(Beginning of Extracted information)

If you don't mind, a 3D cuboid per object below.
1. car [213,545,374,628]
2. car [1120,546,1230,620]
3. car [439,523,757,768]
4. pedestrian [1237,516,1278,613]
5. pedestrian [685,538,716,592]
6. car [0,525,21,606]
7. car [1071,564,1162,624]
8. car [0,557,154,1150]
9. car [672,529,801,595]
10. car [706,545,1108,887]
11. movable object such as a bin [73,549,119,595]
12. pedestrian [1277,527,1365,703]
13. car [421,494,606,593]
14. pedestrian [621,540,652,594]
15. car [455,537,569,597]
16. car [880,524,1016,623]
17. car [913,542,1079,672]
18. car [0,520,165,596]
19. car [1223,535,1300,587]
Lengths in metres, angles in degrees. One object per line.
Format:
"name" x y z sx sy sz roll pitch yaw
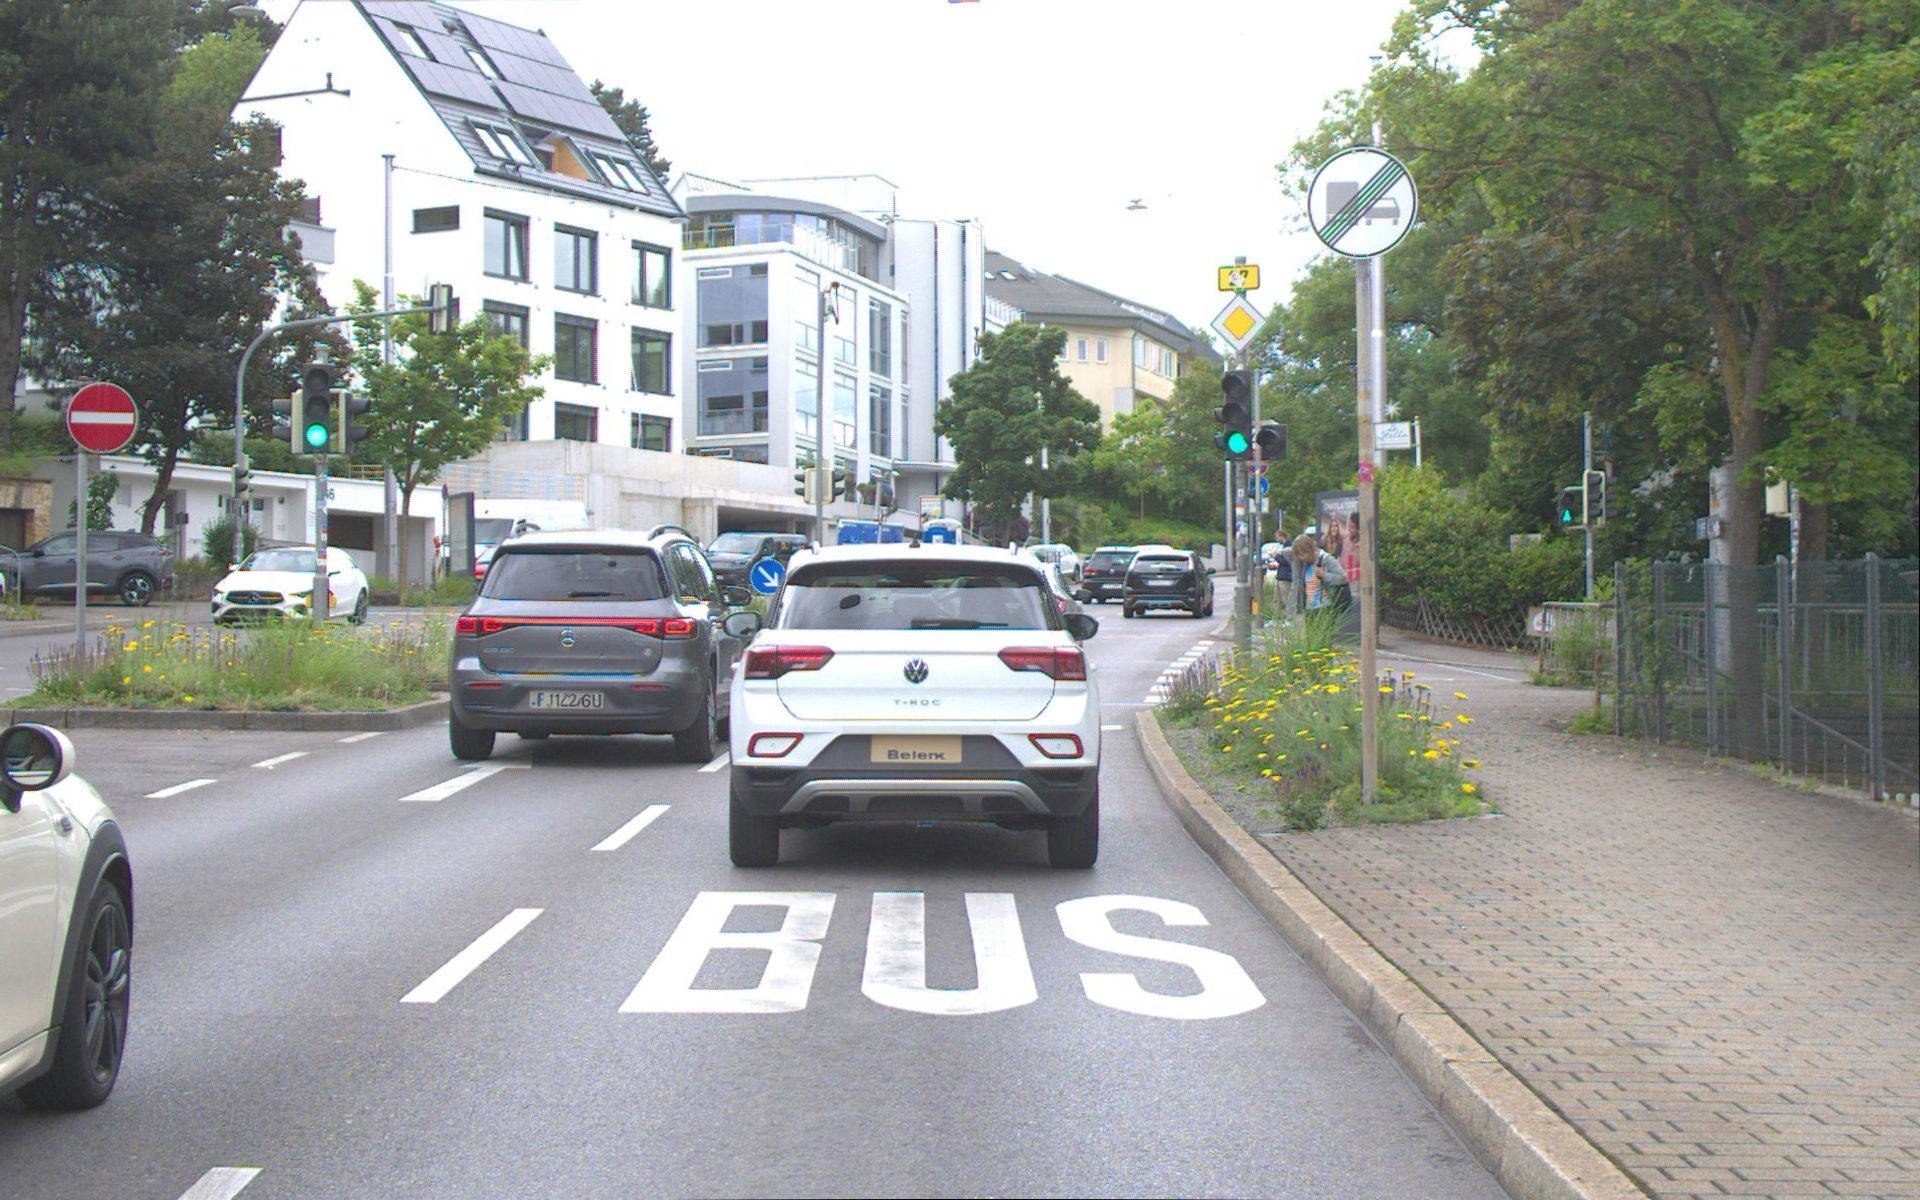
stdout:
"car" -11.687 -0.265 60.546 1.717 1.388 4.609 0 1 3
"car" 4.826 -0.381 76.690 1.874 1.496 4.553 3 1 10
"car" -2.595 0.272 25.651 1.813 1.646 4.636 0 1 1
"pedestrian" 5.662 -0.680 65.447 0.693 1.827 0.620 2 1 7
"pedestrian" -8.065 -1.084 106.953 0.674 1.634 0.672 1 1 -33
"car" -19.456 -0.720 65.586 2.701 1.515 1.564 3 0 -23
"car" 4.112 -0.176 89.996 1.859 1.495 4.054 0 1 10
"car" -3.079 0.611 7.812 1.628 1.388 3.566 0 1 0
"car" -6.846 -1.191 105.995 1.984 1.960 5.213 0 1 21
"car" -0.298 0.494 17.433 1.811 1.534 3.690 -1 1 -2
"movable object such as a bin" -19.439 -0.623 77.367 0.640 1.008 0.729 2 1 36
"pedestrian" 3.502 0.144 33.323 0.694 1.683 0.619 -1 0 22
"car" -11.942 -1.526 92.585 2.233 2.559 7.417 0 1 16
"pedestrian" -9.822 -1.000 104.456 0.626 1.634 0.671 3 1 22
"car" -11.145 -0.842 85.695 1.622 1.460 3.925 0 1 12
"car" -0.167 -0.485 59.844 1.858 1.646 4.635 0 1 6
"car" 0.515 0.059 44.344 1.873 1.496 4.555 3 1 3
"car" -18.393 -0.861 70.274 4.118 1.534 1.599 0 1 -10
"car" 8.892 -1.152 101.210 1.859 1.495 4.054 0 1 10

(End of Extracted information)

_Work order_:
The answer must restate each entry word for word and contain no images.

_Answer_:
If you don't mind, a 3D cuboid per object below.
1. car [213,545,374,628]
2. car [1120,546,1230,620]
3. car [439,523,757,768]
4. pedestrian [1237,516,1278,613]
5. pedestrian [685,538,716,592]
6. car [0,525,21,606]
7. car [1071,564,1162,624]
8. car [0,557,154,1150]
9. car [672,529,801,595]
10. car [706,545,1108,887]
11. movable object such as a bin [73,549,119,595]
12. pedestrian [1277,527,1365,703]
13. car [421,494,606,593]
14. pedestrian [621,540,652,594]
15. car [455,537,569,597]
16. car [880,524,1016,623]
17. car [913,542,1079,672]
18. car [0,520,165,596]
19. car [1223,535,1300,587]
Lengths in metres, angles in degrees. One object per line.
Format:
"name" x y z sx sy sz roll pitch yaw
stdout:
"car" -11.687 -0.265 60.546 1.717 1.388 4.609 0 1 3
"car" 4.826 -0.381 76.690 1.874 1.496 4.553 3 1 10
"car" -2.595 0.272 25.651 1.813 1.646 4.636 0 1 1
"pedestrian" 5.662 -0.680 65.447 0.693 1.827 0.620 2 1 7
"pedestrian" -8.065 -1.084 106.953 0.674 1.634 0.672 1 1 -33
"car" -19.456 -0.720 65.586 2.701 1.515 1.564 3 0 -23
"car" 4.112 -0.176 89.996 1.859 1.495 4.054 0 1 10
"car" -3.079 0.611 7.812 1.628 1.388 3.566 0 1 0
"car" -6.846 -1.191 105.995 1.984 1.960 5.213 0 1 21
"car" -0.298 0.494 17.433 1.811 1.534 3.690 -1 1 -2
"movable object such as a bin" -19.439 -0.623 77.367 0.640 1.008 0.729 2 1 36
"pedestrian" 3.502 0.144 33.323 0.694 1.683 0.619 -1 0 22
"car" -11.942 -1.526 92.585 2.233 2.559 7.417 0 1 16
"pedestrian" -9.822 -1.000 104.456 0.626 1.634 0.671 3 1 22
"car" -11.145 -0.842 85.695 1.622 1.460 3.925 0 1 12
"car" -0.167 -0.485 59.844 1.858 1.646 4.635 0 1 6
"car" 0.515 0.059 44.344 1.873 1.496 4.555 3 1 3
"car" -18.393 -0.861 70.274 4.118 1.534 1.599 0 1 -10
"car" 8.892 -1.152 101.210 1.859 1.495 4.054 0 1 10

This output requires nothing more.